The Artist Discovered? Celluloid, 2011
Researchers into the Toynbee Tiles formed an unofficial underground club over the years. They didn’t have meetings, and they didn’t collect dues, but they posted online to various forums. People found and reported hundreds of the pieces scattered all over the United States (as well as at least three in South America.)
In 2011, filmmaker Jon Foy released a documentary that brought the Toynbee Tiles and their followers into mainstream recognition. The film, Resurrect Dead: The Mystery of the Toynbee Tiles, won a Directing Award for Foy at the 2011 Sundance Film Festival.
More importantly, Foy and his subjects (including Duerr) claim to have uncovered the identity of the original artist.

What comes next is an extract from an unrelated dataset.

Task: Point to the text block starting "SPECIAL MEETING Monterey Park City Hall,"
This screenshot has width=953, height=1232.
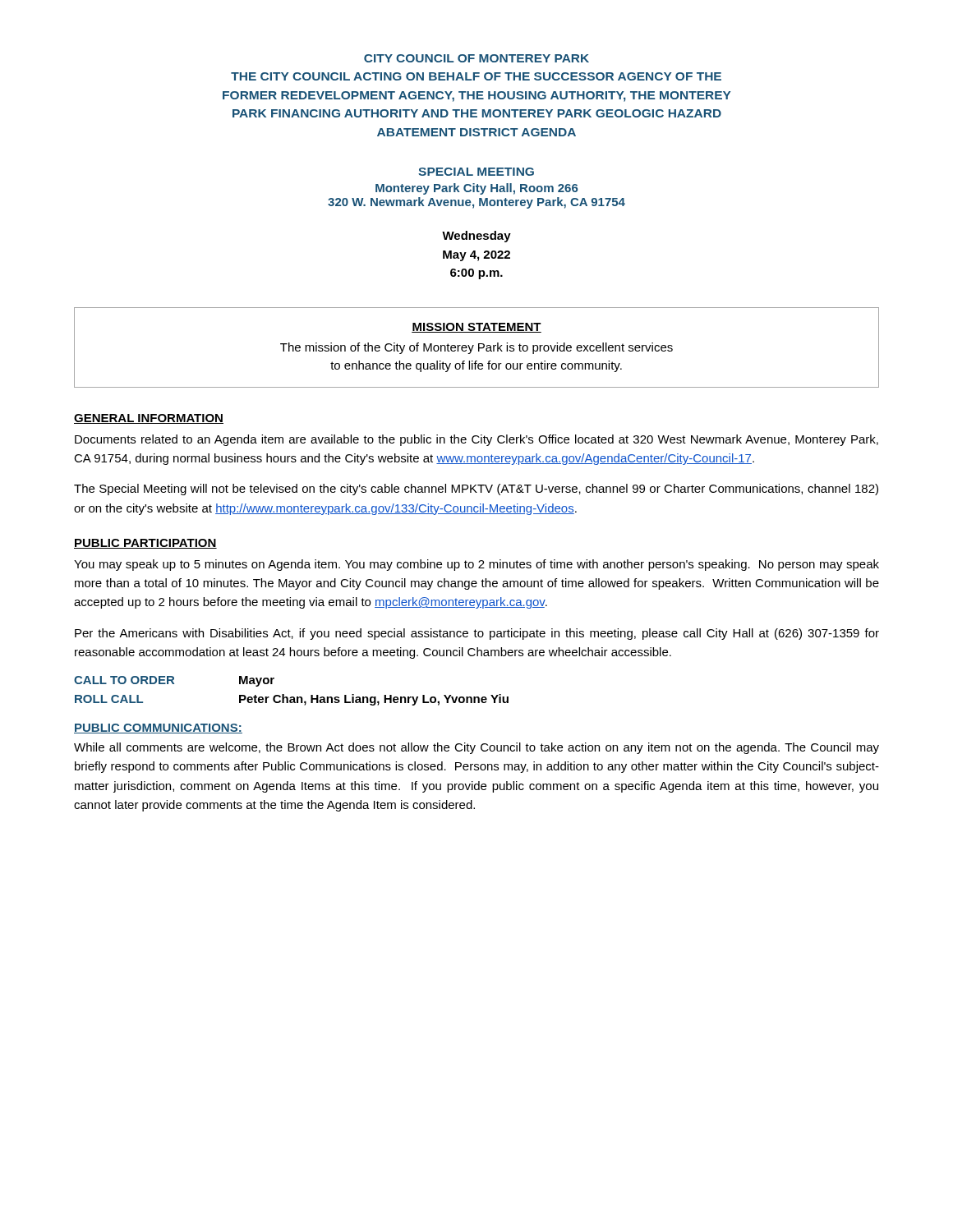Action: [476, 187]

Duerr believes that a peculiar Philadelphia resident named Severino “Sevy” Verna is the man behind the phenomenon.
Verna’s neighbors provide the smoking gun, telling the filmmakers that Verna’s car doesn’t have floorboards. This fit with Duerr’s theory of how the artist could lay tiles, unseen, in the middle of busy intersections by dropping them through a hole in the floor of a car. Verna used the name James Morasco as an alias, the investigators suggest.
Meanwhile, Back in St. Louis
The 2009 theft of an original Toynbee Tile from the street in St. Louis is part of a developing trend.
Foy’s documentary shined a spotlight on the street art, and thieves came running. Some assume the tiles will be worth lots of money one day. Others delude themselves into thinking that they’re “protecting” priceless works of art (and, indeed, many of the tiles have been paved over by indifferent city streets departments.)
In St. Louis, two Toynbee Tiles were paved over in 2009. The thief we’ve discussed made off with another. According to the St. Louis Post-Dispatch, there is just one Toynbee Tile left in the city’s downtown area. (It’s at Market and Eighth streets for curious explorers). For now, at least, the mystery persists.